Sorry Sven-Erik, but we have also received some written questions related to this Laksalus project. I think it is important to say that this is also an early phase project, so when we are finished with the project in June next year, it will not be a project that is ready to be put into commercialization. It would be, as Anders mentioned, a need for a step two in this project. Absolutely.

Thank you very much. One last question. One last question, maybe something more important. You have 62 million kroner again after the start of Q3. That gives, as you say, a runway into 2024. But they need money. It's a good time for that. Based on what has been presented and answered today, it seems to me that not many new shareholders can expect what will happen in the summer, autumn, next year. Is that an important understanding? Or can there be results from some of the partners If we take the collaborations first, we have also received questions via the internet.

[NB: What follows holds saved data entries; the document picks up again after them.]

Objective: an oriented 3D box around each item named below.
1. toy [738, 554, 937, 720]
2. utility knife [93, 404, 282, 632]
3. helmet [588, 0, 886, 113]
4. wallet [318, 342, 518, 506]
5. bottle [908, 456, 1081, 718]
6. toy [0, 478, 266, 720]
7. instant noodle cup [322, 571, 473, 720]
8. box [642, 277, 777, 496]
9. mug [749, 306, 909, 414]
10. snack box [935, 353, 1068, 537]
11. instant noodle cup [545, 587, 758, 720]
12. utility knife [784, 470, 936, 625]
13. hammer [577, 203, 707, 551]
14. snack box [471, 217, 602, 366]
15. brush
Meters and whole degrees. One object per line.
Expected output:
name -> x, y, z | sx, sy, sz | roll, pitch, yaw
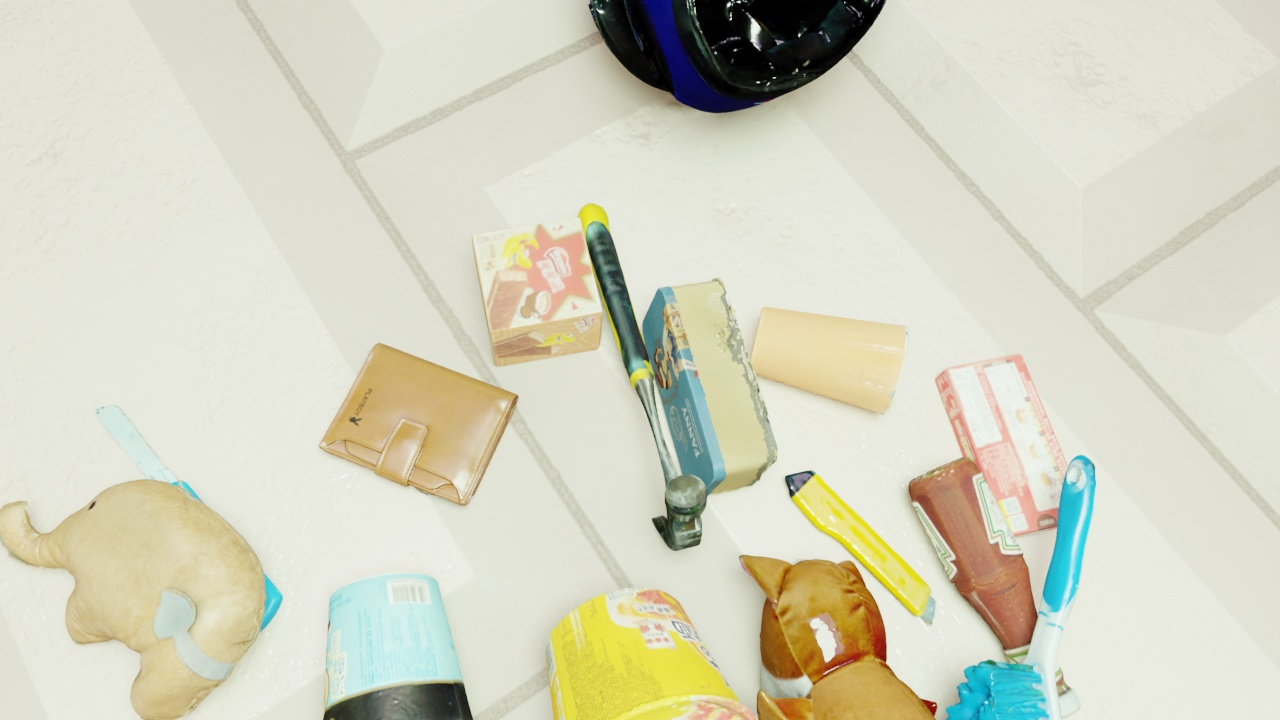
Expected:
toy -> 0.140, 0.230, 0.660 | 0.140, 0.131, 0.199 | 16, 44, -38
utility knife -> -0.362, 0.117, 0.725 | 0.034, 0.018, 0.236 | -42, 75, -16
helmet -> 0.068, -0.352, 0.826 | 0.314, 0.247, 0.241 | -44, 34, -25
wallet -> -0.182, 0.052, 0.759 | 0.132, 0.031, 0.107 | 21, 66, 6
bottle -> 0.281, 0.179, 0.725 | 0.059, 0.060, 0.206 | -21, 77, -12
toy -> -0.370, 0.152, 0.671 | 0.226, 0.082, 0.143 | 33, 81, 19
instant noodle cup -> -0.178, 0.220, 0.655 | 0.111, 0.111, 0.120 | -11, 61, -9
box -> 0.056, 0.029, 0.753 | 0.061, 0.090, 0.184 | -8, 67, -14
mug -> 0.158, -0.006, 0.785 | 0.123, 0.078, 0.078 | 14, 67, 7
snack box -> 0.316, 0.073, 0.787 | 0.075, 0.025, 0.152 | -11, 69, -10
instant noodle cup -> -0.002, 0.234, 0.632 | 0.138, 0.138, 0.109 | -15, 37, -10
utility knife -> 0.180, 0.151, 0.751 | 0.033, 0.015, 0.164 | -41, 77, -13
hammer -> -0.005, 0.004, 0.760 | 0.032, 0.126, 0.322 | -13, 59, -8
snack box -> -0.088, -0.058, 0.784 | 0.094, 0.077, 0.092 | -10, 68, -9
brush -> 0.277, 0.219, 0.659 | 0.109, 0.061, 0.314 | 9, 82, -26

The collaborations that are in an active data generating phase are MD Immune and Mimetix, which has just started. IMV and OLIX are in a kind of idle or dormant phase, as we say in English. There is no research happening within these two projects today. MD Immune and Mimetix are early stages in the projects, so it is too early to say anything about where this can take us. Other than that, from the other projects, we said that there will be a reading on salmon light by the summer. Dermatology, we will get external data on our wound model in the first half year. And within Bioprosess, we work hard to generate in-house data that we will have available in the first six months and be able to discuss with external potential partners. We don't have more rabbits out of the hat than we are trying to present here.

Okay.

As there are no more questions, I'll now hand it back to the speakers for any written questions.

Thank you. Through this session, we got a good deal of the written questions that came in as well. There is a question here in addition, if we have experienced any external interest in this with wound treatment. And as Anders said earlier, this is a field under development, a very early phase. There is no mRNA on the market today for this, but it is an early phase. And it can also be an advantage for our delivery technology that we can come in early together with other mRNA developers who are looking at this. before they have concluded on which delivery method they want to use. And that can make it easier for us to get in.

I don't know if you have anything else? Yes, you are right, Ronny. But it's not just mRNA we are looking at here. There are also many other types of nucleic acids that are also attractive here. So there is actually a lot of decline, companies in early stages and academic groups that develop different things within this area. But as Ronny said, it is an early stage. It is one nucleic acid product that is in phase 3 actually for diabetic wounds today. Apart from that, most of it is very early and we see it in many ways to be an advantage. Our experience over the years has been that It's more difficult to get involved with companies that already have clinical studies, where they have their own program that they want to follow, than to come in at an early stage and be involved in developing something together.

Thank you, Anders. And with that, we say thank you for your interest and for listening. We wish you a good day. Goodbye.